Indiana Jones en el Museo Arqueológico

Indiana Jones es el arqueólogo por antonomasia, aunque no sea muy real.



El Museu de Arqueología de Barcelona amaneció con un camión de soldados nazis en la puerta y un hombre con sombrero, cazadora de cuero y látigo  en la cintura. No estaban filmando una película, estaban presentando una exposición sobre las verdades que se esconden en los films de Indiana Jones: “En busca de los tesoros perdidos. Homenaje al arqueólogo cinematográfico Indiana Jones”

La exposición, didáctica, interesante y con la medida exacta para no ser pesada, pasea por los grandes títulos de la serie, explicando lo que hay de verdad y de fantasía en cada una de las propuestas.

La voz simpática y documentada de la inauguración corrió a cargo de Rubén Molins, el coleccionista propietario de las piezas, director de Rubens Productions y alma mater de todo el evento, al que acompañaba Josep Manuel Rueda, director del Museu y promotor de actividades sorprendentes que quieren acercarlo a un público más heterogéneo.


Molins relataba el origen de la serie, las conversaciones entre George Lucas y Steven Spielberg en 1977, cuando ambos descansaban en Hawai de sus respectivos estrenos. Les apetecía hacer algo juntos, y uno propuso que fuera un millonario al estilo James Bond que buscara tesoros. Al otro le apetecía algo más aventurero e informal, y fueron perfilando el personaje del arqueólogo Jones, con cazadora de cuero y sombrero fedora, al que le pusieron el nombre del perro de Lucas, Indiana.

La exposición toma prestados elementos del museo y piezas de la colección personal de Molins, gran conocedor del cine y sus secretos. Entre objetos auténticos y reproducciones (todas identificadas) se descubren los secretos de la Calavera de Cristal, El Ídolo de Oro, El Santo Grial o el Cabezal de Ra. 


A pesar de que Indiana Jones lleva 35 años poniendo en primera plana la Arqueología y cubriendo de aventura su trabajo, muchos se quejan de que desvirtúa su día a día, esa labor científica, minuciosa y lenta de andar con el pincel, las bases de datos y las largas horas de estudio para dar a conocer al público la historia del Hombre. Y repiten que por exigencias del guion se mezclan épocas, pueblos e historias sin ningún rubor.

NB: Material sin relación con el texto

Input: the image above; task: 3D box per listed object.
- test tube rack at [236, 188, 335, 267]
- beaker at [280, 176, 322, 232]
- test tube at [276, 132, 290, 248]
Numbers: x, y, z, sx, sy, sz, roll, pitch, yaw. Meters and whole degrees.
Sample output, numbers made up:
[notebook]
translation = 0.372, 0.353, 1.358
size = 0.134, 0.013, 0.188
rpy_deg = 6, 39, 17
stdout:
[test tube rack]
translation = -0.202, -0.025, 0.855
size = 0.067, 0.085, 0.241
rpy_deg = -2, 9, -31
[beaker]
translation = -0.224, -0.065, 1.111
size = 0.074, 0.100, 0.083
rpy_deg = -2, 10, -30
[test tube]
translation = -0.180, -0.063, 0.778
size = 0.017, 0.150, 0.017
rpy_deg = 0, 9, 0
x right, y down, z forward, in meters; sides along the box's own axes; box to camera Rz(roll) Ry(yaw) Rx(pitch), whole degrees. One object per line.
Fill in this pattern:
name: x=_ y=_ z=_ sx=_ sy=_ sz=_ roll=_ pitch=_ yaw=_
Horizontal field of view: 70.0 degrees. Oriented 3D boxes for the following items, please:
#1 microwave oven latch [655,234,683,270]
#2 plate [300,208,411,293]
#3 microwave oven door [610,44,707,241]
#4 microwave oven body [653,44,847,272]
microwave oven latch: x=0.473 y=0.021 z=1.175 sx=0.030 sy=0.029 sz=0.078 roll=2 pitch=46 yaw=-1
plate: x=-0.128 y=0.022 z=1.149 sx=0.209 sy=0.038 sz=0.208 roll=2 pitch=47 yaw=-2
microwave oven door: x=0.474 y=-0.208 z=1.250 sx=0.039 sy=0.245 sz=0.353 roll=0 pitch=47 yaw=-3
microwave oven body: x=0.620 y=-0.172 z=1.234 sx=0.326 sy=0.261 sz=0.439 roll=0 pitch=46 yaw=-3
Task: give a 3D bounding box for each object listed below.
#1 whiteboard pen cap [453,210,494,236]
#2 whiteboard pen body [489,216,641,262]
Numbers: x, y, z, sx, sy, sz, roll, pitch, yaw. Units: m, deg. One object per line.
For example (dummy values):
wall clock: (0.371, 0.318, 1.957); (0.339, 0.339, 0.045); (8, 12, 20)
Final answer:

Molins iba desgranando anécdotas de los rodajes, de las claves y los detalles de muchos films, desde imágenes de los robots R2D2, el grito Wilhelm que desde los años 50 ha servido como muestra de dolor en más de 200 films, o la causa de la famosa escena del espadachín al que Jones mata de un disparo: todo el equipo tenía gastroenteritis y Jones quería acabar rápido.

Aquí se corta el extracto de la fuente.